Je reconnais que c pas drole ces suggestions de payer pour untel ou telle chose, et pourtant c bien le souci. qu'on dise aux assos de reduire leurs tarifs selon le porte monnaie, de continuer a prendre en charge les soins, aux particuliers plus aisés que les adoptants démunis de les aider, pas de pb, mais qui ? qui sort les sous ? on dirait que ca tombe du ciel, qu'on en manque pas et qu'on sait le demultiplier ? on se demande pas là si l'argent qui va servir pr aider tel foyer il va pas manquer en accueil d'un autre chat ou en don pr sortir un chat de fourriere ? c le meme schema pourtant ?
le cheval de bataille c lutter contre les abandons, sensibiliser sur la condition animale, sur les besoins des animaux ((conscience de son devoir de maitre)), tt ce qu'on peut méconnaitre et rejeter des animaux (les maladies, les superstitions), lutter pr les sté, lutter pr le choix d'adopter, lutter pr soulever des fonds de diverses manieres que ce soit, et ne pas taire tte cette souffrance et les oubliés, en aidant aussi les refuges a les diffuser pr trouver des foyers. l'argent c le nerf, donc pr moi tant qu'on arrivera pas à en trouver, et qu'en plus on fragilisera les protecteurs par ce qui a été suggeré plus haut, on ne s'attaquera pas au pb de diminuer le nbre des eutha. parce que foyer fa/adoptant ou pas, si ya des sous peut tjrs yavoir des structures et des gens pr les accueillir, le foyer en deuxieme objectif. la structure je suis bien de ton avis que ca vaut pas un foyer, mais c deja un transit de securité ou on essaie tt de meme de choyer les animaux. c pas la panacée mais c je trouve la priorité n1, pas de bruler les etapes et de placer les chats ds des situations a risque.

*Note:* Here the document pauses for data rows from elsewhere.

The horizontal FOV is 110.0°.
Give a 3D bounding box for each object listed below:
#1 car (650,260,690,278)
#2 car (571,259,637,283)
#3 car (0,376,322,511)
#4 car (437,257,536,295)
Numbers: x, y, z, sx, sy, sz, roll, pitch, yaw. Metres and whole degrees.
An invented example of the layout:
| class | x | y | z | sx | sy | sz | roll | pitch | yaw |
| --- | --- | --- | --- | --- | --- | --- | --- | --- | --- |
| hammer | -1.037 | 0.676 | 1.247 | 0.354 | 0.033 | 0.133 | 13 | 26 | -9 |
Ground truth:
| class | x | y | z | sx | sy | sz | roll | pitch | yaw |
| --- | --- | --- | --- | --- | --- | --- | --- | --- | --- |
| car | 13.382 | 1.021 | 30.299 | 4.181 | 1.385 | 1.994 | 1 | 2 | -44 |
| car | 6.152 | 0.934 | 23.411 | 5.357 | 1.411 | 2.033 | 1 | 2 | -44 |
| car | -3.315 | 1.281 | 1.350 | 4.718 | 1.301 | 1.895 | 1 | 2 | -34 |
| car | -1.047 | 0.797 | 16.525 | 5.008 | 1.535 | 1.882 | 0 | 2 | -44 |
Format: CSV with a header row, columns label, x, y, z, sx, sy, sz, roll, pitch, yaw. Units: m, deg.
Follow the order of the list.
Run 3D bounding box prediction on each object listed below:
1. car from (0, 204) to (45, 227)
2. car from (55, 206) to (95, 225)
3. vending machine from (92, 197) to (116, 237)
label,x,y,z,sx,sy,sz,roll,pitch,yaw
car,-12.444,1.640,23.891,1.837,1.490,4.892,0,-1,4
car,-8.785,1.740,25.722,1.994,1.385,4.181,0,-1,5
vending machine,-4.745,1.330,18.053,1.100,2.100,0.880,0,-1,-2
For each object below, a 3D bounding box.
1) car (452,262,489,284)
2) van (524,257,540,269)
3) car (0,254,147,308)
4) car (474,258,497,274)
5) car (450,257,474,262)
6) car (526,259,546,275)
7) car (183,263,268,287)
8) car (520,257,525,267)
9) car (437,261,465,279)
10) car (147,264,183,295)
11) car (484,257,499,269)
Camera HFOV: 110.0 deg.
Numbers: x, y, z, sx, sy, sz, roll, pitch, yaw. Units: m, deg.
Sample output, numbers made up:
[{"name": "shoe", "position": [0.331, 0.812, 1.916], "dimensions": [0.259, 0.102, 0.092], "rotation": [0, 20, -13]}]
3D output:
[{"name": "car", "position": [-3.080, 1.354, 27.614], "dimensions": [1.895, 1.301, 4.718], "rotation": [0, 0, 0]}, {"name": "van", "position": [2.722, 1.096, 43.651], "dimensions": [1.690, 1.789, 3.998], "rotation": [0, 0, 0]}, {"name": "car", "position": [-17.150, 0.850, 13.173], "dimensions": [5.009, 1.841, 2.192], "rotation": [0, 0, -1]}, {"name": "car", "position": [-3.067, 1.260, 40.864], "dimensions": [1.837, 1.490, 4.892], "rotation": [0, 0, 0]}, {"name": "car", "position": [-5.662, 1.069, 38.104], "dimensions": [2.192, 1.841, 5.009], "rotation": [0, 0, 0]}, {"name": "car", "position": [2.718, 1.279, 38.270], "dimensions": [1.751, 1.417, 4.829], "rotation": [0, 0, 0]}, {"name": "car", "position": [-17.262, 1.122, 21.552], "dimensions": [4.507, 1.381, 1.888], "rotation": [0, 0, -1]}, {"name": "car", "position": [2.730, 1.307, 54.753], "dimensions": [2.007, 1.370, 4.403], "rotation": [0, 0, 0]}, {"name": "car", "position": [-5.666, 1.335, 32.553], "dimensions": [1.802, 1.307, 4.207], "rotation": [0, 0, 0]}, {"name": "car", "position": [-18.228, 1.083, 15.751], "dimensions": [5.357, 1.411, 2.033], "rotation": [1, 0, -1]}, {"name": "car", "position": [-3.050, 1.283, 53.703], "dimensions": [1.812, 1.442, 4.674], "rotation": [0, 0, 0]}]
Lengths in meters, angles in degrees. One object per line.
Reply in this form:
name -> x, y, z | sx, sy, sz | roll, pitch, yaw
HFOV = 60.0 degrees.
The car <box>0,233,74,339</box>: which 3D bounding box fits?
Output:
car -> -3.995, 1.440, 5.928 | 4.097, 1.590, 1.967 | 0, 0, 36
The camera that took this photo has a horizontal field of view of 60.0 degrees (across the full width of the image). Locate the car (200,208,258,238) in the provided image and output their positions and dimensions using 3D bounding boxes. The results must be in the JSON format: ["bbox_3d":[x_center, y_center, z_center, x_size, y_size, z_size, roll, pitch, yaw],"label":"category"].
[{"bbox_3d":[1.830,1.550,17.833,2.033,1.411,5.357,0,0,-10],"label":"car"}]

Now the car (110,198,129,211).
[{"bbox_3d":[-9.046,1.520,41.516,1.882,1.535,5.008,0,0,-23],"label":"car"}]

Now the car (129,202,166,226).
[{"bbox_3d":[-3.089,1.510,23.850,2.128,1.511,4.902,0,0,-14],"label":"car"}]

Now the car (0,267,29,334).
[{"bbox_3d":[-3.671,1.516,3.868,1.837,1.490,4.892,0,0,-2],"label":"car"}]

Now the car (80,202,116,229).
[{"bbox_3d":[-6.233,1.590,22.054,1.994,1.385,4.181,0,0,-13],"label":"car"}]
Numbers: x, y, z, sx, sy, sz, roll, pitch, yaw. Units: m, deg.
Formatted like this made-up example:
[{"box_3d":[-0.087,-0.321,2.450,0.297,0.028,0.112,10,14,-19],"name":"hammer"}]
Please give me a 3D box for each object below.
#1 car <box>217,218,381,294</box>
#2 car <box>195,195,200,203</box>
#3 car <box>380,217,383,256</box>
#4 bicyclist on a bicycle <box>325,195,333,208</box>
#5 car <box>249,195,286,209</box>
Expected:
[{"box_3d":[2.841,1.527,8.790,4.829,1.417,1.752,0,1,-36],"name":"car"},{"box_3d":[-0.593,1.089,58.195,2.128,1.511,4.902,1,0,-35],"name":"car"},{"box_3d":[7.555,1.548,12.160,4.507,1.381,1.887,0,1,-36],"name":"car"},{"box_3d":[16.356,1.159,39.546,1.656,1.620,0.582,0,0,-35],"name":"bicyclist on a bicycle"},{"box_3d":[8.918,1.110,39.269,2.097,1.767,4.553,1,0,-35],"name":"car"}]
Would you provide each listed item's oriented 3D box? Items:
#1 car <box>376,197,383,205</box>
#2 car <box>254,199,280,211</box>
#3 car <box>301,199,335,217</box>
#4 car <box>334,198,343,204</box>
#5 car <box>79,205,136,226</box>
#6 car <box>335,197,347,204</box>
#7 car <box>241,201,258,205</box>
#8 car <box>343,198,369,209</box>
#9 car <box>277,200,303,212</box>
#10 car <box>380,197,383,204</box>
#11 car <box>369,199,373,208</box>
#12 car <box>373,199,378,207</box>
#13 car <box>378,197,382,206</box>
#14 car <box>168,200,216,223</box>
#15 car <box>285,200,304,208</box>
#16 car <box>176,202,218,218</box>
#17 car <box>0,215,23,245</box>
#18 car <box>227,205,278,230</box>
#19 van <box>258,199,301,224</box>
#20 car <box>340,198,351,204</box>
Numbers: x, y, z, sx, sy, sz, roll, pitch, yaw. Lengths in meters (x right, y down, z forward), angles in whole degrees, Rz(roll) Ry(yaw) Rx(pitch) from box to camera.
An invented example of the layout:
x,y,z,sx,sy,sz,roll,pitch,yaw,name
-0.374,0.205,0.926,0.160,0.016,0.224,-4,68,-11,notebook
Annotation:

edit : je n'avais pa vu ton rajout de passage avec la projection des enfants : a partir du moment où yaurait les structures pr les accueillir, et donc ecarter ce pb d'urgence vitale, non je ne souhaiterais pas qu'ils soient placés n'importe où.  d'ailleurs ds le contexte d'une urgence où l'on placerait n'importe où, ca comprendrait les foyers violents, alcooliques, pedophiles etc, donc certes si la priorité est de sauver une vie c bien, mais si c pr generer de la souffrance et des vies foutues en l'air, ce n'est pas satisfaisant au pt de le mettre en place sans chercher au prealable d'autres alternatives.

----------


## mamandeuna

Je confirme pour le Bon coin. Il ne s'agit pas que d'élevage clandestins, mais de particuliers, qui dans certaines circonstances, ne peuvent garder leur animal. Et c'est un très bon moyen de trouver un compagnon canin ou félin. On a remplacé les petites annonces de la boulangerie du coin, pour les dons de portées non désirées.

----------


## hayga

Il va de soit que je n achèterai pas un chaton,je l adopterai,bien sur s il est vacciné /pucé je rembourserai les frais vétos,je suis mème prète a payer la stérilisation de la maman.

Pour les motifs d abandon,ils sont divers et variés,départ en vacances,allergie soudaine,arrivée d un bébé,déménagement,arrivée d un nouvel animal,vieillesse,maladie,séparation,divorce et malheureusement le plus fréquent,celui qu on cache l animal a céssé de plaire on s en est lassé,le manque d argent peut aussi en etre un bien que perso je n ai pas eus ce cas.Mais il y a certainement plus de chiens et de chats euthanasiés pour manque de place en refuge qu abandonnés pour ce motif,enfin c est mon avis.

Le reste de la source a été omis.